Welcome to Beesource!

>>it is an equal comb hive with 6.4dm^2 comb area.

Your English is fine, its the metric abbreviation that had me scratching my head.:scratch: 


Just teasing! After scratching my head, I figured out that 6.4dm^2 was a reference to decimeters squared. 

.


----------



## dadandsonsbees (Jan 25, 2012)

Welcome. As Radar said your English is fine. Don't worry about degrading the quality of the forum,( some of us are degraded enough for everybody)


----------



## Specialkayme (Sep 4, 2005)

Your english is just fine.

Welcome to the site.


----------



## tuzserhu (Dec 8, 2013)

Welcome, 
and in case your English fails, feel free to ask for translation I used to be fluent and could use some practice.
I will do my best!


----------



## gezellig (Jun 11, 2014)

Üdvözöljük a méh forrása. 😀


----------



## GaryG74 (Apr 9, 2014)

Welcome to BeeSource!


----------



## Vezso (Mar 4, 2015)

Thanks for the warm welcome! 
I will try to use the American units.


----------



## Mutt bee (Jan 11, 2015)

Welcome to BeeSource Zsolt !


----------



## fruitveggirl (Mar 8, 2013)

Welcome! Your English is great, and this community is already degraded. 

I love seeing how this site attracts so many people from around the world. Your area of the world seems to have an especially rich beekeeping history. One day, I'd love to take a trip to Eastern Europe and soak it all in.


----------



## Vezso (Mar 4, 2015)

Hello Fruitveggirl,
yes, it seems a very colorfull forum. I think I will learn a lot here!
I saw your hives. They are very pretty. The top bar hive is spread around.
The beekeeping has old traditions here. By us are many types of hives, many size of frames and many methods for beekeeping. We have 3 common frame size, but each are specific hungarian size.

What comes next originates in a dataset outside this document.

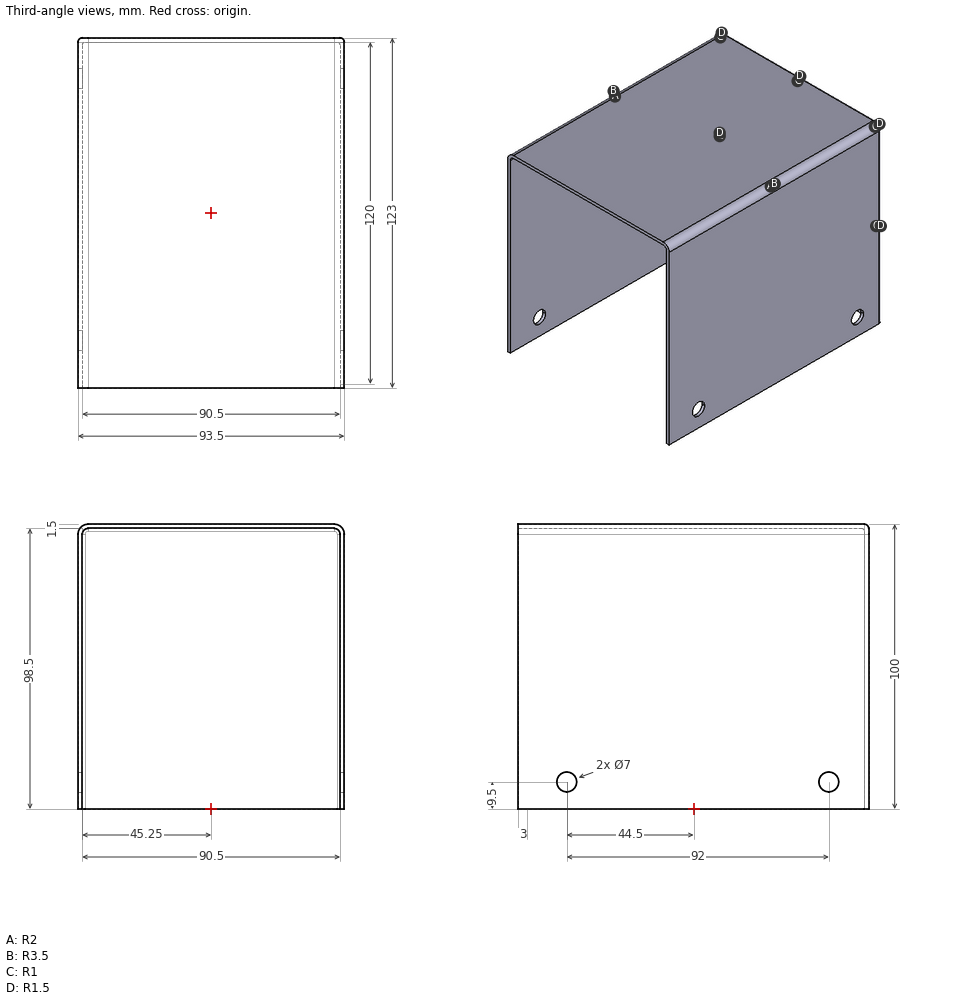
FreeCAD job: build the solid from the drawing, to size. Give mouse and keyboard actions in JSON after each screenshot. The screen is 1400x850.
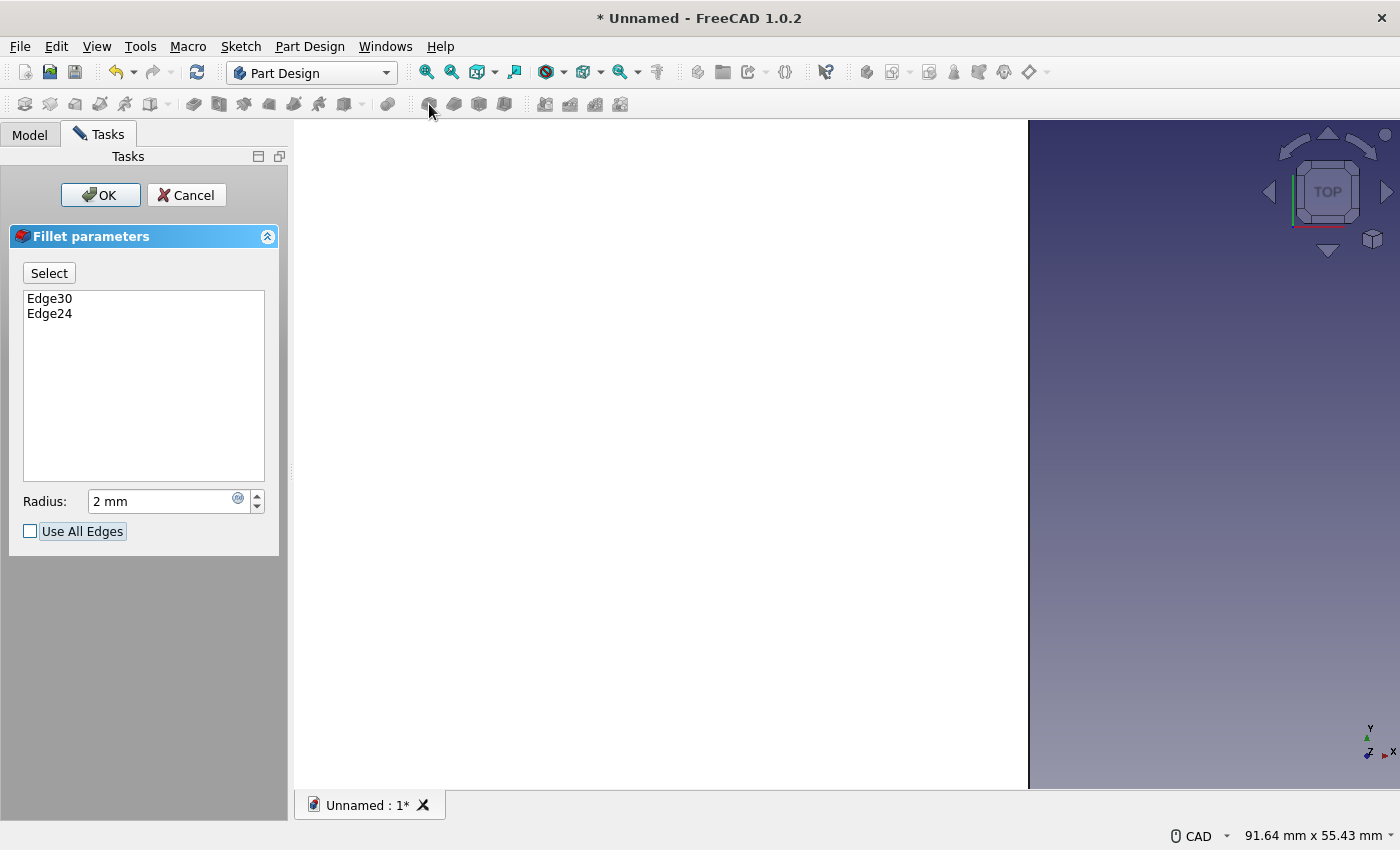
{"action": "left_click", "coordinate": [101, 195]}
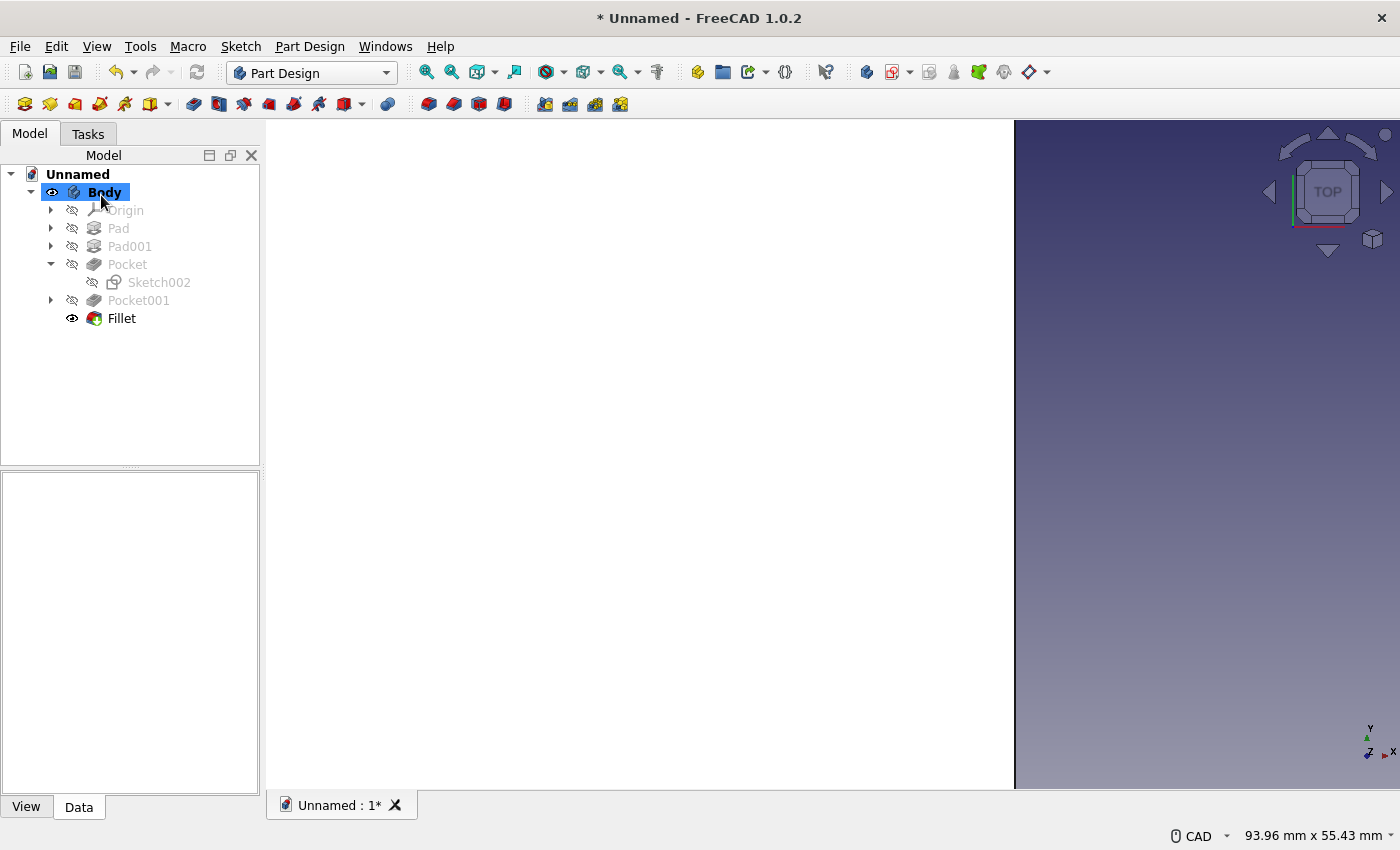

It is not good, but that is the case. 
I dont know what is the name of the hives's type like the langstroth and dadant, where You can stuck the suppers?
Have a nice day
Zsolt


----------



## Cub Creek Bees (Feb 16, 2015)

Welcome, Zsolt!

Pictures would be wonderful! :applause:


----------



## Vezso (Mar 4, 2015)

Ok some pictures. (not my own) First, the 3 more commercial hive.
Top bar hive. (named NB15)








half NB:








Hunor








And a method to wandering (what is the correct word to the travelling of the bees for honey?)
Container built on a truck:








Container with wheels:








Container without wheels:


----------



## Cub Creek Bees (Feb 16, 2015)

Wandering/traveling=migratory


----------



## AL from Georgia (Jul 14, 2014)

Welcome to the forum.


----------



## Vezso (Mar 4, 2015)

Thank You!


----------



## Cub Creek Bees (Feb 16, 2015)

Thank you for the pictures, Vezso, I can see them this morning.

I especially like the wagon.


----------



## AmericasBeekeeper (Jan 24, 2010)

Welcome Zsolt!


----------